INFORMATION PROVIDED>
------------------------
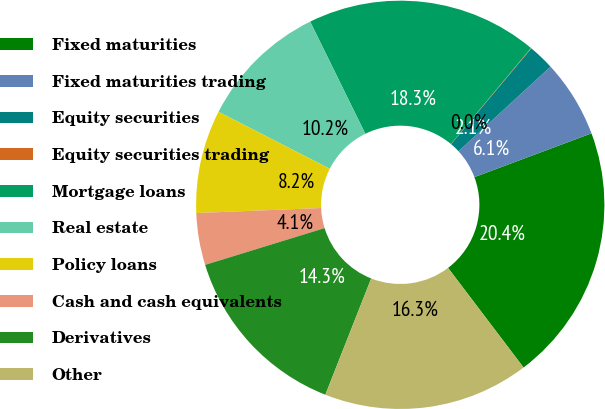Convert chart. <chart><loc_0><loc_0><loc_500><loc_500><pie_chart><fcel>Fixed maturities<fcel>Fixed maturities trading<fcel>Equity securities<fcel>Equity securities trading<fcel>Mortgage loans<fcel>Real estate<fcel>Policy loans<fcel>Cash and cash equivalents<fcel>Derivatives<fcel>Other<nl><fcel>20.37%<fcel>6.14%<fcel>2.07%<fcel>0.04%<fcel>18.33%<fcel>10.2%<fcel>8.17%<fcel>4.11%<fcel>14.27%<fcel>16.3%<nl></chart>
------------------------
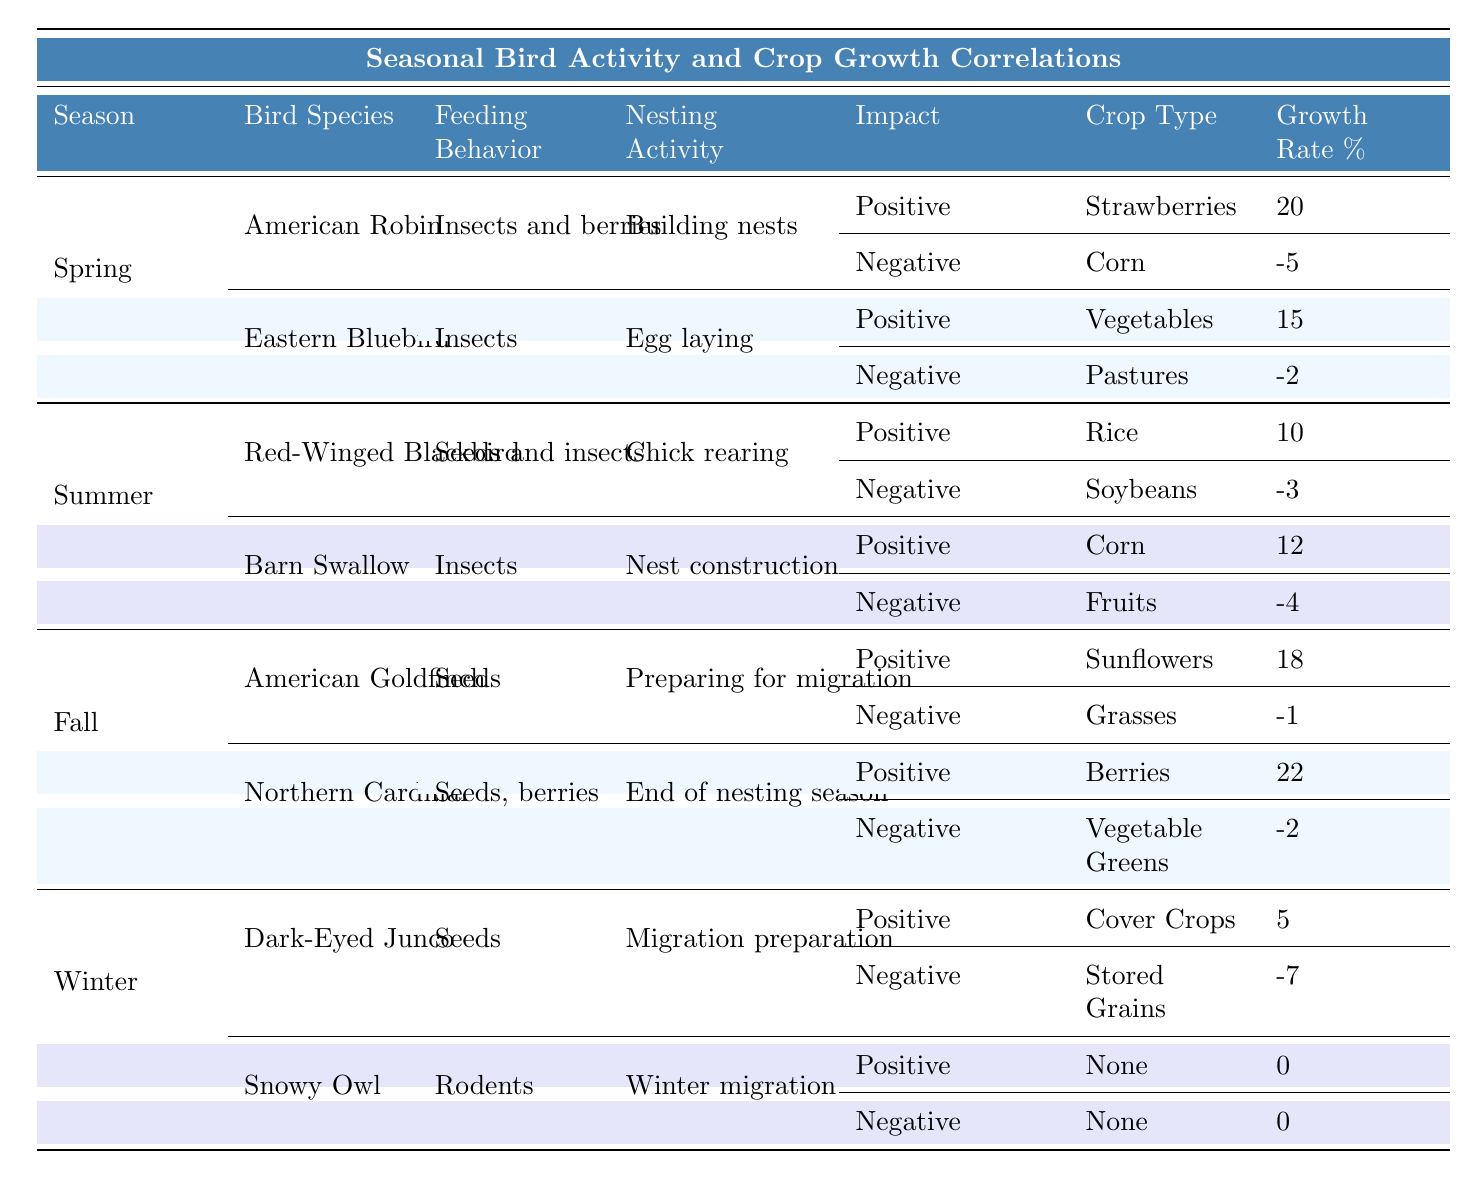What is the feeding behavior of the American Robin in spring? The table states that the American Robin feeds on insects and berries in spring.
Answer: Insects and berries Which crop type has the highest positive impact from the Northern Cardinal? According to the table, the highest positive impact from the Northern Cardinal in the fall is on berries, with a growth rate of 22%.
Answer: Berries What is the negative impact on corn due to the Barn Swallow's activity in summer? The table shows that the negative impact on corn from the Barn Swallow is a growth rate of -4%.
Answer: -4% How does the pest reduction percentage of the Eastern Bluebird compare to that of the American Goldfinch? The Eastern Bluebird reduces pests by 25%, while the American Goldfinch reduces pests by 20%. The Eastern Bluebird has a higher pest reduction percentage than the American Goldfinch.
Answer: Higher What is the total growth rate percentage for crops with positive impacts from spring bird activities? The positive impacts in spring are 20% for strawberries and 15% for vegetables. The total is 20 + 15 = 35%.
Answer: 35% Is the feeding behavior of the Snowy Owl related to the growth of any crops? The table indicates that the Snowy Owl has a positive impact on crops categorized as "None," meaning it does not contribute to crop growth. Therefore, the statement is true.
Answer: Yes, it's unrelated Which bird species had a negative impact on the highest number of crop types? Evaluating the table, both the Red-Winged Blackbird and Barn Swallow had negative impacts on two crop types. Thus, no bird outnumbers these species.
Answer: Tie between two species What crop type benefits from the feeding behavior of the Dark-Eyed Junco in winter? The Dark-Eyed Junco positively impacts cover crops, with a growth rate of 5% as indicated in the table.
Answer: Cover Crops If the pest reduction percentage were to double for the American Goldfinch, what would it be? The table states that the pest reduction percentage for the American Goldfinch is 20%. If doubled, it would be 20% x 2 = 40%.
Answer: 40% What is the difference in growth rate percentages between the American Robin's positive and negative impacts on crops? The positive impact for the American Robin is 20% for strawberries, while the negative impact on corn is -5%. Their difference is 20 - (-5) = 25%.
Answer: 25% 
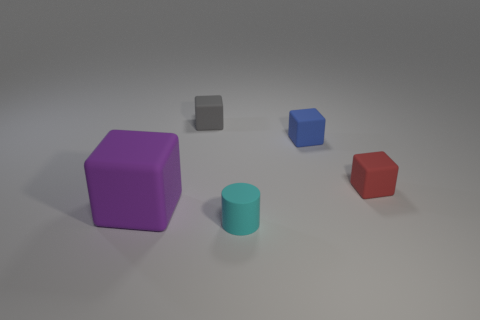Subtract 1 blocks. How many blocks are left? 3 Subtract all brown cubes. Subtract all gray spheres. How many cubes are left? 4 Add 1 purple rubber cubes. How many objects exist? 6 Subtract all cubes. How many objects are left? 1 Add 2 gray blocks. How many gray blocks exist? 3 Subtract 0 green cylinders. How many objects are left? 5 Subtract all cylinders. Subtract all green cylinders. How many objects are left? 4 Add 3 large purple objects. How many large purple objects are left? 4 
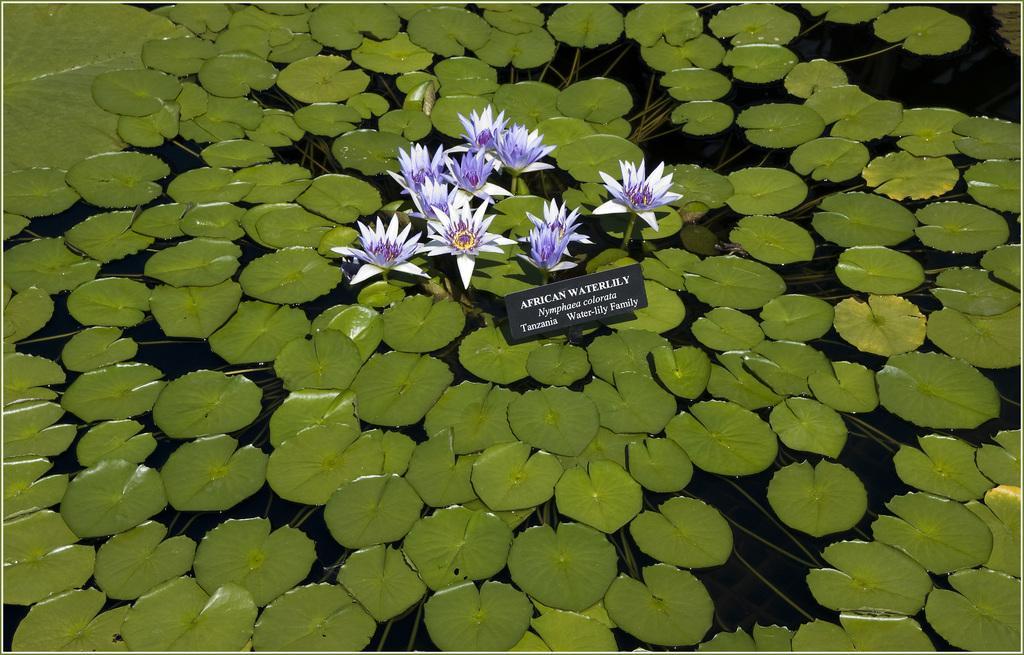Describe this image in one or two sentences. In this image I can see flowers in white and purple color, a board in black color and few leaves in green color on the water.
------------------------
EXERCISE INSTRUCTIONS>
Please give again the lines above between the line holding "Answer: Yes, it's" and the line holding "Answer: Cover Crops", inclusive, exactly as they are and with nothing added.

OUTPUT OF THE EXERCISE>
Answer: Yes, it's unrelated Which bird species had a negative impact on the highest number of crop types? Evaluating the table, both the Red-Winged Blackbird and Barn Swallow had negative impacts on two crop types. Thus, no bird outnumbers these species.
Answer: Tie between two species What crop type benefits from the feeding behavior of the Dark-Eyed Junco in winter? The Dark-Eyed Junco positively impacts cover crops, with a growth rate of 5% as indicated in the table.
Answer: Cover Crops If the pest reduction percentage were to double for the American Goldfinch, what would it be? The table states that the pest reduction percentage for the American Goldfinch is 20%. If doubled, it would be 20% x 2 = 40%.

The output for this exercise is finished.